[Collected data entries]
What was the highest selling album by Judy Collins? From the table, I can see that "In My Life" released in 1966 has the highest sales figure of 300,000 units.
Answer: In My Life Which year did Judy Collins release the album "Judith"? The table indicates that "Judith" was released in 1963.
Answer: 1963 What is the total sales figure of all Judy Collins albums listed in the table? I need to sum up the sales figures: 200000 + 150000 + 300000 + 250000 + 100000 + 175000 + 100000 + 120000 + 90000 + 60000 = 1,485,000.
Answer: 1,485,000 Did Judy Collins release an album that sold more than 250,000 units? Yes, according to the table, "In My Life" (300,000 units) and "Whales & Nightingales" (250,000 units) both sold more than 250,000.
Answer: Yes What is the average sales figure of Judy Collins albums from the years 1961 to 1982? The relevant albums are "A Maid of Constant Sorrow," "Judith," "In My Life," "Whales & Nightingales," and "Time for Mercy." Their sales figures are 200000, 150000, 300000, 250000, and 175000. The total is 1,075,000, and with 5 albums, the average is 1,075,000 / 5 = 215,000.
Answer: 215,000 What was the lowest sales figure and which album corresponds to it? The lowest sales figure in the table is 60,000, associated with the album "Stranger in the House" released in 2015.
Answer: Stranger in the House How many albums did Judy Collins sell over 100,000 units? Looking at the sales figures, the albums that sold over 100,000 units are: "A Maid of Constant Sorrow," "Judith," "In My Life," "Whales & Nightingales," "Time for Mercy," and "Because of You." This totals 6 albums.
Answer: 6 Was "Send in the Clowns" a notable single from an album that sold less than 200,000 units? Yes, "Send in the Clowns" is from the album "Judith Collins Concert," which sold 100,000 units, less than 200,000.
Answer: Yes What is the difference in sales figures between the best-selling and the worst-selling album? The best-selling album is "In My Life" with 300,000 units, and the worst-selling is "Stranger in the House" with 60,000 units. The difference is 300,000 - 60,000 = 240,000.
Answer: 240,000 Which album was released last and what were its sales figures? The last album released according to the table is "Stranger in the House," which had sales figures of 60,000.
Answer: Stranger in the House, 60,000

# [What is required]
Please return only the lines from the one that contains "Answer: 215,000 What" through the final line of the entries, each exactly as written.

# [Response to this exercise]
Answer: 215,000 What was the lowest sales figure and which album corresponds to it? The lowest sales figure in the table is 60,000, associated with the album "Stranger in the House" released in 2015.
Answer: Stranger in the House How many albums did Judy Collins sell over 100,000 units? Looking at the sales figures, the albums that sold over 100,000 units are: "A Maid of Constant Sorrow," "Judith," "In My Life," "Whales & Nightingales," "Time for Mercy," and "Because of You." This totals 6 albums.
Answer: 6 Was "Send in the Clowns" a notable single from an album that sold less than 200,000 units? Yes, "Send in the Clowns" is from the album "Judith Collins Concert," which sold 100,000 units, less than 200,000.
Answer: Yes What is the difference in sales figures between the best-selling and the worst-selling album? The best-selling album is "In My Life" with 300,000 units, and the worst-selling is "Stranger in the House" with 60,000 units. The difference is 300,000 - 60,000 = 240,000.
Answer: 240,000 Which album was released last and what were its sales figures? The last album released according to the table is "Stranger in the House," which had sales figures of 60,000.
Answer: Stranger in the House, 60,000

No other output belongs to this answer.